In 2001, Berkeleyites Shoshana Berger (trained as a fine artist) and Grace Hawthorne (a journalist) founded a magazine called ReadyMade -- whose principles and history are also now packaged in a book of the same name -- that is dedicated to showing how consumer trash can be reused as high design. It gives a "recipe" for taking discarded bottles of Voss, Norway's minimalist spring water with a maximalist price, and turning them into a stunning, and thoroughly witty, chandelier. ReadyMade also suggests making bird feeders from chipped stemware, a CD rack from FedEx tubes and a Bauhaus-simple storage unit from abandoned Pepsi crates.

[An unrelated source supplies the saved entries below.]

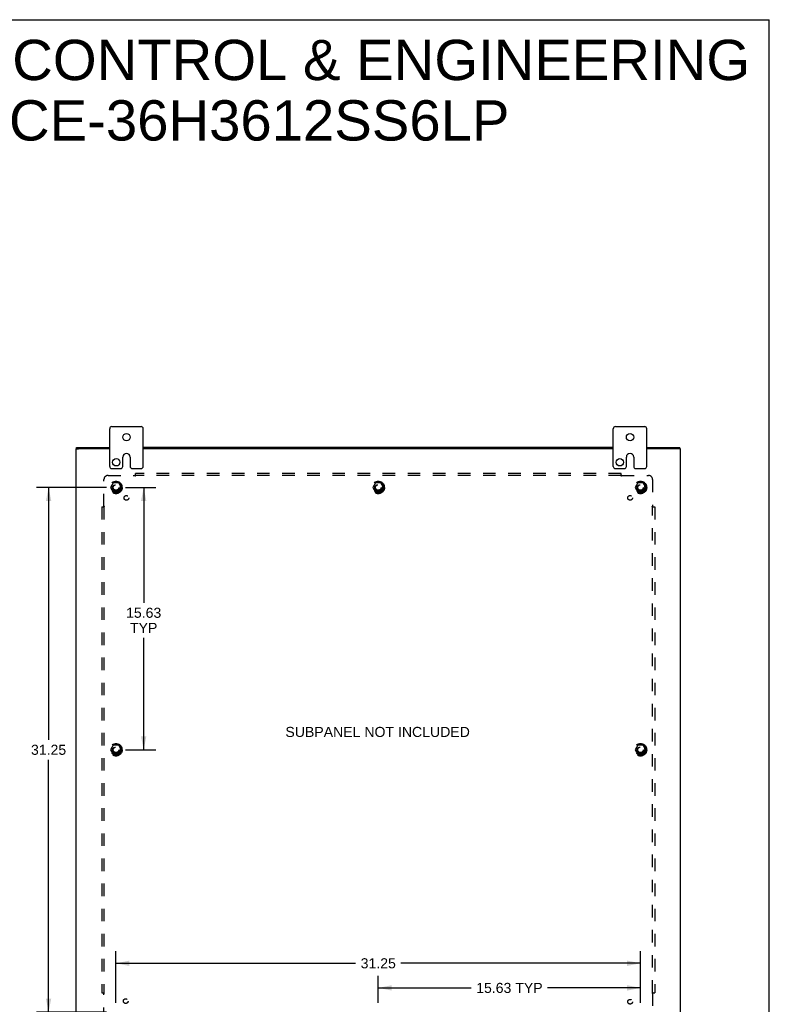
# Model space of a CAD drawing. Header units: inches. Extents: x 0 to 136, y 0 to 88.
# Tile 8 of 8: x 91 to 136, y 29 to 88. Entities that reach past the tile are written whole.
import ezdxf

# ---------------------------------------------------------------- set-up
doc = ezdxf.new("R2010")
doc.units = ezdxf.units.IN
doc.header["$LTSCALE"] = 7.48
doc.header["$MEASUREMENT"] = 0
doc.linetypes.add('HIDDEN', pattern=[0.2, 0.1, -0.1])
doc.layers.get('0').update_dxf_attribs({"linetype": 'CONTINUOUS'})
for name, color, linetype in [('DEFAULT_2', 8, 'HIDDEN'), ('DIMENSIONS', 7, 'CONTINUOUS'), ('SUBPANEL', 7, 'CONTINUOUS')]:
    doc.layers.add(name, color=color, linetype=linetype)
doc.styles.get("Standard").update_dxf_attribs({"font": 'arial.ttf'})
doc.dimstyles.new('DIMSTYLE_1', dxfattribs={"dimtxt": 0.6, "dimasz": 0.8, "dimexe": 0.09, "dimexo": 0.07, "dimgap": 0.0375, "dimtad": 0, "dimtih": 1, "dimtoh": 1, "dimzin": 4, "dimdsep": 46, "dimtxsty": 'Standard', "dimblk": '_FILLED', "dimblk1": '_FILLED', "dimblk2": '_FILLED', "dimcen": 0.09, "dimadec": 3, "dimazin": 1, "dimtfac": 1, "dimtdec": 3, "dimtofl": 0, "dimtmove": 0, "dimatfit": 3, "dimldrblk": '_FILLED', "dimfxl": 0, "dimtolj": 1, "dimtzin": 4, "dimarcsym": 0})

# ---------------------------------------------------------------- blocks, each defined once
blk = doc.blocks.new('_FILLED')
at = {"color": 0, "linetype": 'ByBlock'}
blk.add_solid([(0, 0), (-1, 0.2), (-1, -0.2)], dxfattribs=at)
blk = doc.blocks.new('*D10')
at = {"layer": 'DIMENSIONS', "color": 2, "linetype": 'Continuous'}
for p, q in [((97.637, 60.134), (99.447, 60.134)), ((98.727, 60.134), (98.727, 53.271)), ((98.727, 44.509), (98.727, 51.171)), ((97.637, 44.509), (99.447, 44.509))]:
    blk.add_line(p, q, dxfattribs=at)
at = {"layer": 'DIMENSIONS', "color": 2, "linetype": 'Continuous', "xscale": 0.8, "yscale": 0.8, "zscale": 0.8}
for p, rotation in [((98.727, 60.134), 90), ((98.727, 44.509), 270)]:
    blk.add_blockref('_FILLED', p, dxfattribs=dict(at, rotation=rotation))
at = {"layer": 'DIMENSIONS', "color": 2, "linetype": 'Continuous', "insert": (98.727, 52.971), "char_height": 0.6, "width": 2.09665, "attachment_point": 2, "line_spacing_factor": 0.9}
blk.add_mtext('15.63\\PTYP', dxfattribs=at)
blk = doc.blocks.new('*D11')
at = {"layer": 'DIMENSIONS', "color": 2, "linetype": 'Continuous'}
for p, q in [((96.517, 60.134), (92.341, 60.134)), ((93.061, 60.134), (93.061, 45.109)), ((93.061, 28.884), (93.061, 43.909)), ((96.517, 28.884), (92.341, 28.884))]:
    blk.add_line(p, q, dxfattribs=at)
at = {"layer": 'DIMENSIONS', "color": 2, "linetype": 'Continuous', "xscale": 0.8, "yscale": 0.8, "zscale": 0.8}
for p, rotation in [((93.061, 60.134), 90), ((93.061, 28.884), 270)]:
    blk.add_blockref('_FILLED', p, dxfattribs=dict(at, rotation=rotation))
at = {"layer": 'DIMENSIONS', "color": 2, "linetype": 'Continuous', "insert": (93.061, 44.809), "char_height": 0.6, "width": 2.09665, "attachment_point": 2, "line_spacing_factor": 0.9}
blk.add_mtext('31.25', dxfattribs=at)
blk = doc.blocks.new('*D12')
at = {"layer": 'DIMENSIONS', "color": 2, "linetype": 'Continuous'}
for p, q in [((97.077, 29.444), (97.077, 32.511)), ((128.327, 29.444), (128.327, 32.511)), ((97.077, 31.791), (111.354, 31.791)), ((128.327, 31.791), (114.05, 31.791))]:
    blk.add_line(p, q, dxfattribs=at)
at = {"layer": 'DIMENSIONS', "color": 2, "linetype": 'Continuous', "xscale": 0.8, "yscale": 0.8, "zscale": 0.8, "rotation": 180}
blk.add_blockref('_FILLED', (97.077, 31.791), dxfattribs=at)
at = {"layer": 'DIMENSIONS', "color": 2, "linetype": 'Continuous', "xscale": 0.8, "yscale": 0.8, "zscale": 0.8}
blk.add_blockref('_FILLED', (128.327, 31.791), dxfattribs=at)
at = {"layer": 'DIMENSIONS', "color": 2, "linetype": 'Continuous', "insert": (112.702, 32.091), "char_height": 0.6, "width": 2.09665, "attachment_point": 2, "line_spacing_factor": 0.9}
blk.add_mtext('31.25', dxfattribs=at)
blk = doc.blocks.new('*D13')
at = {"layer": 'DIMENSIONS', "color": 2, "linetype": 'Continuous'}
for p, q in [((112.702, 29.444), (112.702, 31.045)), ((128.327, 29.444), (128.327, 31.045)), ((112.702, 30.325), (118.237, 30.325)), ((128.327, 30.325), (122.792, 30.325))]:
    blk.add_line(p, q, dxfattribs=at)
at = {"layer": 'DIMENSIONS', "color": 2, "linetype": 'Continuous', "xscale": 0.8, "yscale": 0.8, "zscale": 0.8, "rotation": 180}
blk.add_blockref('_FILLED', (112.702, 30.325), dxfattribs=at)
at = {"layer": 'DIMENSIONS', "color": 2, "linetype": 'Continuous', "xscale": 0.8, "yscale": 0.8, "zscale": 0.8}
blk.add_blockref('_FILLED', (128.327, 30.325), dxfattribs=at)
at = {"layer": 'DIMENSIONS', "color": 2, "linetype": 'Continuous', "insert": (120.515, 30.625), "char_height": 0.6, "width": 3.95465, "attachment_point": 2, "line_spacing_factor": 0.9}
blk.add_mtext('15.63 TYP', dxfattribs=at)

msp = doc.modelspace()

# ---------------------------------------------------------------- linework, layer by layer
at = {"color": 7, "linetype": 'Continuous'}
for p, q in [((0, 88), (136, 88)), ((136, 0), (136, 88)), ((96.702, 61.384), (96.702, 63.634)), ((96.827, 63.759), (98.577, 63.759)), ((98.702, 61.384), (98.702, 63.634)), ((126.702, 61.384), (126.702, 63.634)), ((126.827, 63.759), (128.577, 63.759)), ((128.702, 61.384), (128.702, 63.634)), ((94.702, 62.434), (94.852, 62.434)), ((94.727, 62.434), (94.727, 62.509)), ((130.702, 62.434), (130.552, 62.434)), ((130.677, 62.434), (130.677, 62.509)), ((97.483, 61.384), (97.483, 61.946)), ((97.921, 61.946), (97.921, 61.384)), ((127.483, 61.384), (127.483, 61.946)), ((127.921, 61.946), (127.921, 61.384)), ((96.827, 61.259), (97.358, 61.259)), ((98.046, 61.259), (98.577, 61.259)), ((126.827, 61.259), (127.358, 61.259)), ((128.046, 61.259), (128.577, 61.259))]:
    msp.add_line(p, q, dxfattribs=at)
at = {"color": 3, "linetype": 'Continuous'}
for p, q in [((94.702, 26.584), (94.702, 62.434)), ((94.727, 62.509), (96.702, 62.509)), ((96.702, 62.434), (94.857, 62.434)), ((126.702, 62.509), (98.702, 62.509)), ((126.702, 62.434), (98.702, 62.434)), ((128.702, 62.509), (130.677, 62.509)), ((130.547, 62.434), (128.702, 62.434)), ((130.702, 26.584), (130.702, 62.434))]:
    msp.add_line(p, q, dxfattribs=at)
at = {"color": 7, "linetype": 'Continuous'}
for centre in [(97.702, 63.134), (127.702, 63.134), (97.093, 61.634), (127.093, 61.634)]:
    msp.add_circle(centre, 0.219, dxfattribs=at)
for centre, radius, start, end in [((96.827, 63.634), 0.125, 90, 180), ((98.577, 63.634), 0.125, 0, 90), ((126.827, 63.634), 0.125, 90, 180), ((128.577, 63.634), 0.125, 0, 90), ((97.702, 61.946), 0.219, 0, 180), ((127.702, 61.946), 0.219, 0, 180), ((96.827, 61.384), 0.125, 180, 270), ((97.358, 61.384), 0.125, 270.00009, 360), ((98.046, 61.384), 0.125, 180, 269.99991), ((98.577, 61.384), 0.125, 270, 360), ((126.827, 61.384), 0.125, 180, 270), ((127.358, 61.384), 0.125, 270.00009, 360), ((128.046, 61.384), 0.125, 180, 269.99991), ((128.577, 61.384), 0.125, 270, 360)]:
    msp.add_arc(centre, radius, start, end, dxfattribs=at)
at = {"layer": 'DEFAULT_2', "color": 8, "linetype": 'HIDDEN'}
for p, q in [((96.914, 60.406), (96.759, 60.139)), ((96.759, 60.129), (96.914, 59.861)), ((97.231, 60.411), (96.923, 60.411)), ((97.231, 59.856), (96.923, 59.856)), ((97.395, 60.139), (97.24, 60.406)), ((97.24, 59.861), (97.395, 60.129)), ((112.539, 60.406), (112.384, 60.139)), ((112.384, 60.129), (112.539, 59.861)), ((112.856, 60.411), (112.548, 60.411)), ((112.856, 59.856), (112.548, 59.856)), ((113.02, 60.139), (112.865, 60.406)), ((112.865, 59.861), (113.02, 60.129)), ((128.164, 60.406), (128.009, 60.139)), ((128.009, 60.129), (128.164, 59.861)), ((128.481, 60.411), (128.173, 60.411)), ((128.481, 59.856), (128.173, 59.856)), ((128.645, 60.139), (128.49, 60.406)), ((128.49, 59.861), (128.645, 60.129)), ((96.914, 44.781), (96.759, 44.514)), ((97.231, 44.786), (96.923, 44.786)), ((97.395, 44.514), (97.24, 44.781)), ((128.164, 44.781), (128.009, 44.514)), ((128.481, 44.786), (128.173, 44.786)), ((128.645, 44.514), (128.49, 44.781)), ((96.759, 44.504), (96.914, 44.236)), ((97.231, 44.231), (96.923, 44.231)), ((97.24, 44.236), (97.395, 44.504)), ((128.009, 44.504), (128.164, 44.236)), ((128.481, 44.231), (128.173, 44.231)), ((128.49, 44.236), (128.645, 44.504))]:
    msp.add_line(p, q, dxfattribs=at)
for centre, radius in [((97.077, 60.134), 0.372), ((97.077, 60.134), 0.356), ((97.077, 60.134), 0.312), ((112.702, 60.134), 0.372), ((112.702, 60.134), 0.356), ((112.702, 60.134), 0.312), ((128.327, 60.134), 0.372), ((128.327, 60.134), 0.356), ((128.327, 60.134), 0.312), ((97.077, 60.134), 0.204), ((97.077, 60.134), 0.188), ((97.077, 60.134), 0.183), ((97.077, 60.134), 0.165), ((112.702, 60.134), 0.204), ((112.702, 60.134), 0.188), ((112.702, 60.134), 0.183), ((112.702, 60.134), 0.165), ((128.327, 60.134), 0.204), ((128.327, 60.134), 0.188), ((128.327, 60.134), 0.183), ((128.327, 60.134), 0.165), ((97.077, 44.509), 0.372), ((97.077, 44.509), 0.356), ((97.077, 44.509), 0.312), ((97.077, 44.509), 0.204), ((97.077, 44.509), 0.188), ((97.077, 44.509), 0.183), ((97.077, 44.509), 0.165), ((128.327, 44.509), 0.372), ((128.327, 44.509), 0.356), ((128.327, 44.509), 0.312), ((128.327, 44.509), 0.204), ((128.327, 44.509), 0.188), ((128.327, 44.509), 0.183), ((128.327, 44.509), 0.165)]:
    msp.add_circle(centre, radius, dxfattribs=at)
for centre, start, end in [((96.768, 60.134), 150.01268, 209.98829), ((96.923, 60.401), 90.01235, 149.98915), ((96.923, 59.866), 210.01204, 269.98872), ((97.231, 60.401), 30.01204, 89.98872), ((97.231, 59.866), 270.01235, 329.98915), ((97.386, 60.134), 330.01268, 29.98829), ((112.393, 60.134), 150.01268, 209.98829), ((112.548, 60.401), 90.01235, 149.98915), ((112.548, 59.866), 210.01204, 269.98872), ((112.856, 60.401), 30.01204, 89.98872), ((112.856, 59.866), 270.01235, 329.98915), ((113.011, 60.134), 330.01268, 29.98829), ((128.018, 60.134), 150.01268, 209.98829), ((128.173, 60.401), 90.01235, 149.98915), ((128.173, 59.866), 210.01204, 269.98872), ((128.481, 60.401), 30.01204, 89.98872), ((128.481, 59.866), 270.01235, 329.98915), ((128.636, 60.134), 330.01268, 29.98829), ((96.923, 44.776), 90.01235, 149.98915), ((97.231, 44.776), 30.01204, 89.98872), ((128.173, 44.776), 90.01235, 149.98915), ((128.481, 44.776), 30.01204, 89.98872), ((96.768, 44.509), 150.01268, 209.98829), ((96.923, 44.241), 210.01204, 269.98872), ((97.231, 44.241), 270.01235, 329.98915), ((97.386, 44.509), 330.01268, 29.98829), ((128.018, 44.509), 150.01268, 209.98829), ((128.173, 44.241), 210.01204, 269.98872), ((128.481, 44.241), 270.01235, 329.98915), ((128.636, 44.509), 330.01268, 29.98829)]:
    msp.add_arc(centre, 0.01, start, end, dxfattribs=at)
at = {"layer": 'SUBPANEL', "color": 8, "linetype": 'HIDDEN'}
for p, q in [((96.358, 59.013), (96.358, 60.602)), ((96.608, 60.852), (98.198, 60.852)), ((98.211, 60.833), (98.207, 60.839)), ((98.212, 60.867), (98.209, 60.864)), ((98.216, 60.871), (98.212, 60.867)), ((98.233, 60.812), (98.233, 60.977)), ((127.171, 60.977), (98.233, 60.977)), ((127.171, 60.852), (98.233, 60.852)), ((127.171, 60.812), (127.171, 60.977)), ((127.206, 60.852), (128.796, 60.852)), ((129.046, 60.602), (129.046, 59.013)), ((96.233, 58.977), (96.233, 30.04)), ((96.233, 58.977), (96.399, 58.977)), ((96.358, 58.977), (96.358, 30.04)), ((129.005, 58.977), (129.171, 58.977)), ((129.026, 59), (129.032, 59.003)), ((129.046, 30.04), (129.046, 58.977)), ((129.06, 58.999), (129.057, 59.002)), ((129.064, 58.995), (129.06, 58.999)), ((129.171, 58.977), (129.171, 30.04)), ((96.233, 30.04), (96.399, 30.04)), ((96.34, 30.023), (96.344, 30.019)), ((96.344, 30.019), (96.347, 30.015)), ((96.358, 28.415), (96.358, 30.005)), ((96.378, 30.018), (96.372, 30.014)), ((129.005, 30.04), (129.171, 30.04)), ((129.046, 30.005), (129.046, 28.415))]:
    msp.add_line(p, q, dxfattribs=at)
for points in [[(98.209, 60.864), (98.207, 60.862), (98.205, 60.86), (98.203, 60.858), (98.202, 60.857), (98.2, 60.855), (98.199, 60.854), (98.198, 60.852)], [(98.207, 60.839), (98.206, 60.841), (98.205, 60.844), (98.203, 60.846), (98.202, 60.848), (98.2, 60.849), (98.199, 60.851), (98.198, 60.852)], [(98.233, 60.812), (98.232, 60.812), (98.23, 60.813), (98.229, 60.814), (98.227, 60.814), (98.226, 60.815), (98.224, 60.816), (98.223, 60.818), (98.222, 60.819), (98.22, 60.82), (98.219, 60.822), (98.217, 60.823), (98.216, 60.825), (98.215, 60.827), (98.214, 60.829), (98.212, 60.831), (98.211, 60.833)], [(98.233, 60.891), (98.232, 60.889), (98.23, 60.887), (98.229, 60.885), (98.228, 60.884), (98.226, 60.882), (98.225, 60.88), (98.223, 60.879), (98.222, 60.877), (98.221, 60.875), (98.219, 60.874), (98.218, 60.873), (98.216, 60.871)], [(127.171, 60.891), (127.172, 60.889), (127.174, 60.887), (127.175, 60.885), (127.176, 60.884), (127.178, 60.882), (127.179, 60.88), (127.181, 60.879), (127.182, 60.877), (127.184, 60.875), (127.185, 60.874), (127.186, 60.873), (127.188, 60.871)], [(127.171, 60.812), (127.172, 60.812), (127.174, 60.813), (127.175, 60.814), (127.177, 60.814), (127.178, 60.815), (127.18, 60.816), (127.181, 60.818), (127.183, 60.819), (127.184, 60.82), (127.185, 60.822), (127.187, 60.823), (127.188, 60.825), (127.189, 60.827), (127.19, 60.829), (127.192, 60.831), (127.193, 60.833), (127.197, 60.839)], [(127.188, 60.871), (127.194, 60.865), (127.196, 60.864), (127.197, 60.862), (127.199, 60.86), (127.201, 60.858), (127.202, 60.857), (127.204, 60.855), (127.205, 60.854), (127.206, 60.852)], [(127.197, 60.839), (127.198, 60.841), (127.2, 60.844), (127.201, 60.846), (127.202, 60.848), (127.204, 60.849), (127.205, 60.851), (127.206, 60.852)], [(96.32, 58.977), (96.322, 58.979), (96.324, 58.98), (96.325, 58.982), (96.327, 58.983), (96.329, 58.985), (96.331, 58.986), (96.332, 58.987), (96.334, 58.989), (96.335, 58.99), (96.337, 58.992), (96.338, 58.993), (96.34, 58.995), (96.342, 58.997)], [(96.342, 58.997), (96.346, 59.001), (96.347, 59.002), (96.349, 59.004), (96.351, 59.006), (96.352, 59.007), (96.354, 59.009), (96.356, 59.01), (96.357, 59.012), (96.358, 59.013)], [(96.372, 59.003), (96.369, 59.005), (96.367, 59.006), (96.365, 59.008), (96.363, 59.009), (96.361, 59.01), (96.36, 59.012), (96.358, 59.013)], [(96.399, 58.977), (96.399, 58.979), (96.398, 58.981), (96.397, 58.982), (96.396, 58.984), (96.395, 58.985), (96.394, 58.986), (96.393, 58.988), (96.392, 58.989), (96.39, 58.991), (96.389, 58.992), (96.387, 58.993), (96.386, 58.995), (96.384, 58.996), (96.382, 58.997), (96.38, 58.998), (96.378, 59), (96.372, 59.003)], [(129.005, 58.977), (129.006, 58.979), (129.006, 58.981), (129.007, 58.982), (129.008, 58.984), (129.009, 58.985), (129.01, 58.986), (129.011, 58.988), (129.012, 58.989), (129.014, 58.991), (129.015, 58.992), (129.017, 58.993), (129.018, 58.995), (129.02, 58.996), (129.022, 58.997), (129.024, 58.998), (129.026, 59)], [(129.032, 59.003), (129.035, 59.005), (129.037, 59.006), (129.039, 59.008), (129.041, 59.009), (129.043, 59.01), (129.044, 59.012), (129.046, 59.013)], [(129.057, 59.002), (129.055, 59.004), (129.053, 59.006), (129.052, 59.007), (129.05, 59.009), (129.048, 59.01), (129.047, 59.012), (129.046, 59.013)], [(129.084, 58.977), (129.082, 58.979), (129.08, 58.98), (129.079, 58.982), (129.077, 58.983), (129.075, 58.985), (129.073, 58.986), (129.072, 58.987), (129.07, 58.989), (129.069, 58.99), (129.067, 58.992), (129.066, 58.993), (129.064, 58.995)], [(96.32, 30.04), (96.322, 30.039), (96.324, 30.037), (96.325, 30.036), (96.327, 30.034), (96.329, 30.033), (96.331, 30.031), (96.332, 30.03), (96.334, 30.029), (96.335, 30.027), (96.337, 30.026), (96.338, 30.024), (96.34, 30.023)], [(96.347, 30.015), (96.349, 30.013), (96.351, 30.012), (96.352, 30.01), (96.354, 30.009), (96.356, 30.007), (96.357, 30.006), (96.358, 30.005)], [(96.372, 30.014), (96.369, 30.013), (96.367, 30.011), (96.365, 30.01), (96.363, 30.009), (96.361, 30.007), (96.36, 30.006), (96.358, 30.005)], [(96.399, 30.04), (96.399, 30.038), (96.398, 30.037), (96.397, 30.035), (96.396, 30.034), (96.395, 30.032), (96.394, 30.031), (96.393, 30.03), (96.392, 30.028), (96.39, 30.027), (96.389, 30.025), (96.387, 30.024), (96.386, 30.023), (96.384, 30.022), (96.382, 30.02), (96.38, 30.019), (96.378, 30.018)], [(129.005, 30.04), (129.006, 30.038), (129.006, 30.037), (129.007, 30.035), (129.008, 30.034), (129.009, 30.032), (129.01, 30.031), (129.011, 30.03), (129.012, 30.028), (129.014, 30.027), (129.015, 30.025), (129.017, 30.024), (129.018, 30.023), (129.02, 30.022), (129.022, 30.02), (129.024, 30.019), (129.026, 30.018), (129.032, 30.014)], [(129.032, 30.014), (129.035, 30.013), (129.037, 30.011), (129.039, 30.01), (129.041, 30.009), (129.043, 30.007), (129.044, 30.006), (129.046, 30.005)], [(129.064, 30.023), (129.059, 30.017), (129.057, 30.015), (129.055, 30.013), (129.053, 30.012), (129.052, 30.01), (129.05, 30.009), (129.048, 30.007), (129.047, 30.006), (129.046, 30.005)], [(129.084, 30.04), (129.082, 30.039), (129.08, 30.037), (129.079, 30.036), (129.077, 30.034), (129.075, 30.033), (129.073, 30.031), (129.072, 30.03), (129.07, 30.029), (129.069, 30.027), (129.067, 30.026), (129.066, 30.024), (129.064, 30.023)]]:
    msp.add_lwpolyline(points, dxfattribs=at)
for centre, radius in [((97.077, 60.134), 0.25), ((112.702, 60.134), 0.25), ((128.327, 60.134), 0.25), ((97.696, 59.515), 0.141), ((127.708, 59.515), 0.141), ((97.077, 44.509), 0.25), ((128.327, 44.509), 0.25), ((97.657, 29.539), 0.141), ((127.708, 29.502), 0.141)]:
    msp.add_circle(centre, radius, dxfattribs=at)
for centre, start, end in [((96.608, 60.602), 90, 180), ((128.796, 60.602), 0, 90)]:
    msp.add_arc(centre, 0.25, start, end, dxfattribs=at)

# ---------------------------------------------------------------- texts
at = {"layer": 'DIMENSIONS', "color": 2, "linetype": 'Continuous', "attachment_point": 2, "line_spacing_factor": 0.9}
for s, insert, char_height, width in [('SAGINAW CONTROL & ENGINEERING\\PSCE-36H3612SS6LP', (104.493, 86.802), 2.4, 60.61561), ('SUBPANEL NOT INCLUDED', (112.665, 45.873), 0.6, 10.97175)]:
    msp.add_mtext(s, dxfattribs=dict(at, insert=insert, char_height=char_height, width=width))

# ---------------------------------------------------------------- dimensions: what is measured, and where the dimension line sits
at = {"layer": 'DIMENSIONS', "color": 2, "linetype": 'Continuous'}
dim = msp.add_linear_dim(base=(93.061, 28.884), p1=(96.587, 60.134), p2=(96.587, 28.884), angle=270, dimstyle='DIMSTYLE_1', dxfattribs=at)
dim.commit()
dim.dimension.update_dxf_attribs({"geometry": '*D11', "text_midpoint": (93.062, 44.505), "dimtype": 160})
dim = msp.add_linear_dim(base=(98.727451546, 44.508745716), p1=(97.567039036, 60.133745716), p2=(97.567039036, 44.508745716), angle=270, text='<>\\PTYP', dimstyle='DIMSTYLE_1', dxfattribs=at)
dim.commit()
dim.dimension.update_dxf_attribs({"geometry": '*D10', "text_midpoint": (98.727451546, 52.220974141), "dimtype": 160})
dim = msp.add_linear_dim(base=(128.327, 31.791), p1=(97.077, 29.374), p2=(128.327, 29.374), dimstyle='DIMSTYLE_1', dxfattribs=at)
dim.commit()
dim.dimension.update_dxf_attribs({"geometry": '*D12', "text_midpoint": (112.703, 31.788), "dimtype": 160})
dim = msp.add_linear_dim(base=(128.327039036, 30.325261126), p1=(112.702039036, 29.373745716), p2=(128.327039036, 29.373745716), text='<> TYP', dimstyle='DIMSTYLE_1', dxfattribs=at)
dim.commit()
dim.dimension.update_dxf_attribs({"geometry": '*D13', "text_midpoint": (120.514539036, 30.325261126), "dimtype": 160})

doc.saveas('drawing.dxf')

The funny thing is that the modest homemade objects that result have more visual and conceptual punch than the sleek design "treasures" produced by the Philippe Starcks and Karim Rashids of this world. ReadyMade's objects and ideas have some of the impact and staying power of serious contemporary art, rather than the landfill-swelling presence of so much of what passes for design.
An Unlikely Font of Ingenuity
The designers at a tiny graphic-design firm called Coma, based in Brooklyn and Amsterdam, were invited to design the typeface that's used on all the Triennial's wall labels and text panels and throughout the exhibition catalogue, also entirely designed by Coma.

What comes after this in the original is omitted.